◆ **WORK REQUIRED**: Each record must be copied in full and unchanged; any image it holds is excluded.

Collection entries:
···

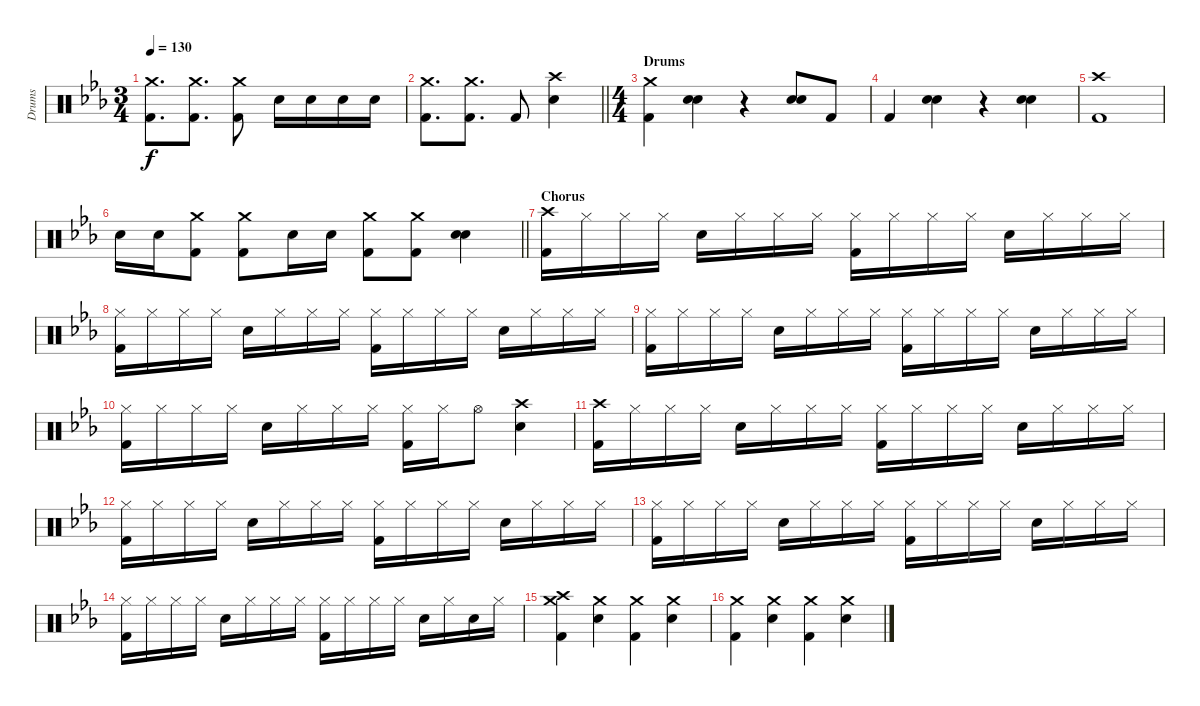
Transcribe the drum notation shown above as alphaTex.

\track ("Drums" "Drums") {instrument percussion}
\staff {score}
\articulation defaults
\ts (3 4)
\tempo 130
\clef neutral
\ks eb
("Crash medium (hit)" "Kick (hit) 2").8{d dy f} ("Crash medium (hit)" "Kick (hit) 2").8{d} ("Crash medium (hit)" "Kick (hit) 2").8 "Electric Snare (hit)".16 "Electric Snare (hit)".16 "Electric Snare (hit)".16 "Electric Snare (hit)".16 |
\barLineRight lightlight
("Crash medium (hit)" "Kick (hit) 2").8{d} ("Crash medium (hit)" "Kick (hit) 2").8{d} "Kick (hit) 2".8 ("Crash high (hit)" "Electric Snare (hit)").4 |
\ts (4 4)
\section ("" "Drums")
("Crash medium (hit)" "Kick (hit) 2").4 ("Electric Snare (hit)" "Electric Snare (hit)").4 r.4 ("Electric Snare (hit)" "Electric Snare (hit)").8 "Kick (hit) 2".8 |
"Kick (hit) 2".4 ("Electric Snare (hit)" "Electric Snare (hit)").4 r.4 ("Electric Snare (hit)" "Electric Snare (hit)").4 |
("Crash high (hit)" "Kick (hit) 2").1 |
\barLineRight lightlight "Electric Snare (hit)".16 "Electric Snare (hit)".16
("Crash medium (hit)" "Kick (hit) 2").8 ("Crash medium (hit)" "Kick (hit) 2").8 "Electric Snare (hit)".16 "Electric Snare (hit)".16 ("Crash medium (hit)" "Kick (hit) 2").8 ("Crash medium (hit)" "Kick (hit) 2").8 ("Electric Snare (hit)" "Electric Snare (hit)").4 |
\section ("" "Chorus")
("Crash high (hit)" "Kick (hit) 2").16 "Hi-Hat (closed)".16 "Hi-Hat (closed)".16 "Hi-Hat (closed)".16 "Electric Snare (hit)".16 "Hi-Hat (closed)".16 "Hi-Hat (closed)".16 "Hi-Hat (closed)".16 ("Hi-Hat (closed)" "Kick (hit) 2").16 "Hi-Hat (closed)".16 "Hi-Hat (closed)".16 "Hi-Hat (closed)".16 "Electric Snare (hit)".16 "Hi-Hat (closed)".16 "Hi-Hat (closed)".16 "Hi-Hat (closed)".16 |
("Hi-Hat (closed)" "Kick (hit) 2").16 "Hi-Hat (closed)".16 "Hi-Hat (closed)".16 "Hi-Hat (closed)".16 "Electric Snare (hit)".16 "Hi-Hat (closed)".16 "Hi-Hat (closed)".16 "Hi-Hat (closed)".16 ("Hi-Hat (closed)" "Kick (hit) 2").16 "Hi-Hat (closed)".16 "Hi-Hat (closed)".16 "Hi-Hat (closed)".16 "Electric Snare (hit)".16 "Hi-Hat (closed)".16 "Hi-Hat (closed)".16 "Hi-Hat (closed)".16 |
("Hi-Hat (closed)" "Kick (hit) 2").16 "Hi-Hat (closed)".16 "Hi-Hat (closed)".16 "Hi-Hat (closed)".16 "Electric Snare (hit)".16 "Hi-Hat (closed)".16 "Hi-Hat (closed)".16 "Hi-Hat (closed)".16 ("Hi-Hat (closed)" "Kick (hit) 2").16 "Hi-Hat (closed)".16 "Hi-Hat (closed)".16 "Hi-Hat (closed)".16 "Electric Snare (hit)".16 "Hi-Hat (closed)".16 "Hi-Hat (closed)".16 "Hi-Hat (closed)".16 |
("Hi-Hat (closed)" "Kick (hit) 2").16 "Hi-Hat (closed)".16 "Hi-Hat (closed)".16 "Hi-Hat (closed)".16 "Electric Snare (hit)".16 "Hi-Hat (closed)".16 "Hi-Hat (closed)".16 "Hi-Hat (closed)".16 ("Hi-Hat (closed)" "Kick (hit) 2").16 "Hi-Hat (closed)".16 "Hi-Hat (open)".8 ("Crash high (hit)" "Snare (hit) 2").4 |
("Crash high (hit)" "Kick (hit) 2").16 "Hi-Hat (closed)".16 "Hi-Hat (closed)".16 "Hi-Hat (closed)".16 "Electric Snare (hit)".16 "Hi-Hat (closed)".16 "Hi-Hat (closed)".16 "Hi-Hat (closed)".16 ("Hi-Hat (closed)" "Kick (hit) 2").16 "Hi-Hat (closed)".16 "Hi-Hat (closed)".16 "Hi-Hat (closed)".16 "Electric Snare (hit)".16 "Hi-Hat (closed)".16 "Hi-Hat (closed)".16 "Hi-Hat (closed)".16 |
("Hi-Hat (closed)" "Kick (hit) 2").16 "Hi-Hat (closed)".16 "Hi-Hat (closed)".16 "Hi-Hat (closed)".16 "Electric Snare (hit)".16 "Hi-Hat (closed)".16 "Hi-Hat (closed)".16 "Hi-Hat (closed)".16 ("Hi-Hat (closed)" "Kick (hit) 2").16 "Hi-Hat (closed)".16 "Hi-Hat (closed)".16 "Hi-Hat (closed)".16 "Electric Snare (hit)".16 "Hi-Hat (closed)".16 "Hi-Hat (closed)".16 "Hi-Hat (closed)".16 |
("Hi-Hat (closed)" "Kick (hit) 2").16 "Hi-Hat (closed)".16 "Hi-Hat (closed)".16 "Hi-Hat (closed)".16 "Electric Snare (hit)".16 "Hi-Hat (closed)".16 "Hi-Hat (closed)".16 "Hi-Hat (closed)".16 ("Hi-Hat (closed)" "Kick (hit) 2").16 "Hi-Hat (closed)".16 "Hi-Hat (closed)".16 "Hi-Hat (closed)".16 "Electric Snare (hit)".16 "Hi-Hat (closed)".16 "Hi-Hat (closed)".16 "Hi-Hat (closed)".16 |
("Hi-Hat (closed)" "Kick (hit) 2").16 "Hi-Hat (closed)".16 "Hi-Hat (closed)".16 "Hi-Hat (closed)".16 "Electric Snare (hit)".16 "Hi-Hat (closed)".16 "Hi-Hat (closed)".16 "Hi-Hat (closed)".16 ("Hi-Hat (closed)" "Kick (hit) 2").16 "Hi-Hat (closed)".16 "Hi-Hat (closed)".16 "Hi-Hat (closed)".16 "Electric Snare (hit)".16 "Hi-Hat (closed)".16 "Electric Snare (hit)".16 "Hi-Hat (closed)".16 |
("Crash medium (hit)" "Kick (hit) 2" "Crash high (hit)").4 ("Crash medium (hit)" "Electric Snare (hit)").4 ("Crash medium (hit)" "Kick (hit) 2").4 ("Crash medium (hit)" "Electric Snare (hit)").4 |
("Crash medium (hit)" "Kick (hit) 2").4 ("Crash medium (hit)" "Electric Snare (hit)").4 ("Crash medium (hit)" "Kick (hit) 2").4 ("Crash medium (hit)" "Electric Snare (hit)").4

···

◆ **OUTPUT OF THE EXERCISE**:
Transcribe the drum notation shown above as alphaTex.

\track ("Drums" "Drums") {instrument percussion}
\staff {score}
\articulation defaults
\ts (3 4)
\tempo 130
\clef neutral
\ks eb
("Crash medium (hit)" "Kick (hit) 2").8{d dy f} ("Crash medium (hit)" "Kick (hit) 2").8{d} ("Crash medium (hit)" "Kick (hit) 2").8 "Electric Snare (hit)".16 "Electric Snare (hit)".16 "Electric Snare (hit)".16 "Electric Snare (hit)".16 |
\barLineRight lightlight
("Crash medium (hit)" "Kick (hit) 2").8{d} ("Crash medium (hit)" "Kick (hit) 2").8{d} "Kick (hit) 2".8 ("Crash high (hit)" "Electric Snare (hit)").4 |
\ts (4 4)
\section ("" "Drums")
("Crash medium (hit)" "Kick (hit) 2").4 ("Electric Snare (hit)" "Electric Snare (hit)").4 r.4 ("Electric Snare (hit)" "Electric Snare (hit)").8 "Kick (hit) 2".8 |
"Kick (hit) 2".4 ("Electric Snare (hit)" "Electric Snare (hit)").4 r.4 ("Electric Snare (hit)" "Electric Snare (hit)").4 |
("Crash high (hit)" "Kick (hit) 2").1 |
\barLineRight lightlight "Electric Snare (hit)".16 "Electric Snare (hit)".16
("Crash medium (hit)" "Kick (hit) 2").8 ("Crash medium (hit)" "Kick (hit) 2").8 "Electric Snare (hit)".16 "Electric Snare (hit)".16 ("Crash medium (hit)" "Kick (hit) 2").8 ("Crash medium (hit)" "Kick (hit) 2").8 ("Electric Snare (hit)" "Electric Snare (hit)").4 |
\section ("" "Chorus")
("Crash high (hit)" "Kick (hit) 2").16 "Hi-Hat (closed)".16 "Hi-Hat (closed)".16 "Hi-Hat (closed)".16 "Electric Snare (hit)".16 "Hi-Hat (closed)".16 "Hi-Hat (closed)".16 "Hi-Hat (closed)".16 ("Hi-Hat (closed)" "Kick (hit) 2").16 "Hi-Hat (closed)".16 "Hi-Hat (closed)".16 "Hi-Hat (closed)".16 "Electric Snare (hit)".16 "Hi-Hat (closed)".16 "Hi-Hat (closed)".16 "Hi-Hat (closed)".16 |
("Hi-Hat (closed)" "Kick (hit) 2").16 "Hi-Hat (closed)".16 "Hi-Hat (closed)".16 "Hi-Hat (closed)".16 "Electric Snare (hit)".16 "Hi-Hat (closed)".16 "Hi-Hat (closed)".16 "Hi-Hat (closed)".16 ("Hi-Hat (closed)" "Kick (hit) 2").16 "Hi-Hat (closed)".16 "Hi-Hat (closed)".16 "Hi-Hat (closed)".16 "Electric Snare (hit)".16 "Hi-Hat (closed)".16 "Hi-Hat (closed)".16 "Hi-Hat (closed)".16 |
("Hi-Hat (closed)" "Kick (hit) 2").16 "Hi-Hat (closed)".16 "Hi-Hat (closed)".16 "Hi-Hat (closed)".16 "Electric Snare (hit)".16 "Hi-Hat (closed)".16 "Hi-Hat (closed)".16 "Hi-Hat (closed)".16 ("Hi-Hat (closed)" "Kick (hit) 2").16 "Hi-Hat (closed)".16 "Hi-Hat (closed)".16 "Hi-Hat (closed)".16 "Electric Snare (hit)".16 "Hi-Hat (closed)".16 "Hi-Hat (closed)".16 "Hi-Hat (closed)".16 |
("Hi-Hat (closed)" "Kick (hit) 2").16 "Hi-Hat (closed)".16 "Hi-Hat (closed)".16 "Hi-Hat (closed)".16 "Electric Snare (hit)".16 "Hi-Hat (closed)".16 "Hi-Hat (closed)".16 "Hi-Hat (closed)".16 ("Hi-Hat (closed)" "Kick (hit) 2").16 "Hi-Hat (closed)".16 "Hi-Hat (open)".8 ("Crash high (hit)" "Snare (hit) 2").4 |
("Crash high (hit)" "Kick (hit) 2").16 "Hi-Hat (closed)".16 "Hi-Hat (closed)".16 "Hi-Hat (closed)".16 "Electric Snare (hit)".16 "Hi-Hat (closed)".16 "Hi-Hat (closed)".16 "Hi-Hat (closed)".16 ("Hi-Hat (closed)" "Kick (hit) 2").16 "Hi-Hat (closed)".16 "Hi-Hat (closed)".16 "Hi-Hat (closed)".16 "Electric Snare (hit)".16 "Hi-Hat (closed)".16 "Hi-Hat (closed)".16 "Hi-Hat (closed)".16 |
("Hi-Hat (closed)" "Kick (hit) 2").16 "Hi-Hat (closed)".16 "Hi-Hat (closed)".16 "Hi-Hat (closed)".16 "Electric Snare (hit)".16 "Hi-Hat (closed)".16 "Hi-Hat (closed)".16 "Hi-Hat (closed)".16 ("Hi-Hat (closed)" "Kick (hit) 2").16 "Hi-Hat (closed)".16 "Hi-Hat (closed)".16 "Hi-Hat (closed)".16 "Electric Snare (hit)".16 "Hi-Hat (closed)".16 "Hi-Hat (closed)".16 "Hi-Hat (closed)".16 |
("Hi-Hat (closed)" "Kick (hit) 2").16 "Hi-Hat (closed)".16 "Hi-Hat (closed)".16 "Hi-Hat (closed)".16 "Electric Snare (hit)".16 "Hi-Hat (closed)".16 "Hi-Hat (closed)".16 "Hi-Hat (closed)".16 ("Hi-Hat (closed)" "Kick (hit) 2").16 "Hi-Hat (closed)".16 "Hi-Hat (closed)".16 "Hi-Hat (closed)".16 "Electric Snare (hit)".16 "Hi-Hat (closed)".16 "Hi-Hat (closed)".16 "Hi-Hat (closed)".16 |
("Hi-Hat (closed)" "Kick (hit) 2").16 "Hi-Hat (closed)".16 "Hi-Hat (closed)".16 "Hi-Hat (closed)".16 "Electric Snare (hit)".16 "Hi-Hat (closed)".16 "Hi-Hat (closed)".16 "Hi-Hat (closed)".16 ("Hi-Hat (closed)" "Kick (hit) 2").16 "Hi-Hat (closed)".16 "Hi-Hat (closed)".16 "Hi-Hat (closed)".16 "Electric Snare (hit)".16 "Hi-Hat (closed)".16 "Electric Snare (hit)".16 "Hi-Hat (closed)".16 |
("Crash medium (hit)" "Kick (hit) 2" "Crash high (hit)").4 ("Crash medium (hit)" "Electric Snare (hit)").4 ("Crash medium (hit)" "Kick (hit) 2").4 ("Crash medium (hit)" "Electric Snare (hit)").4 |
("Crash medium (hit)" "Kick (hit) 2").4 ("Crash medium (hit)" "Electric Snare (hit)").4 ("Crash medium (hit)" "Kick (hit) 2").4 ("Crash medium (hit)" "Electric Snare (hit)").4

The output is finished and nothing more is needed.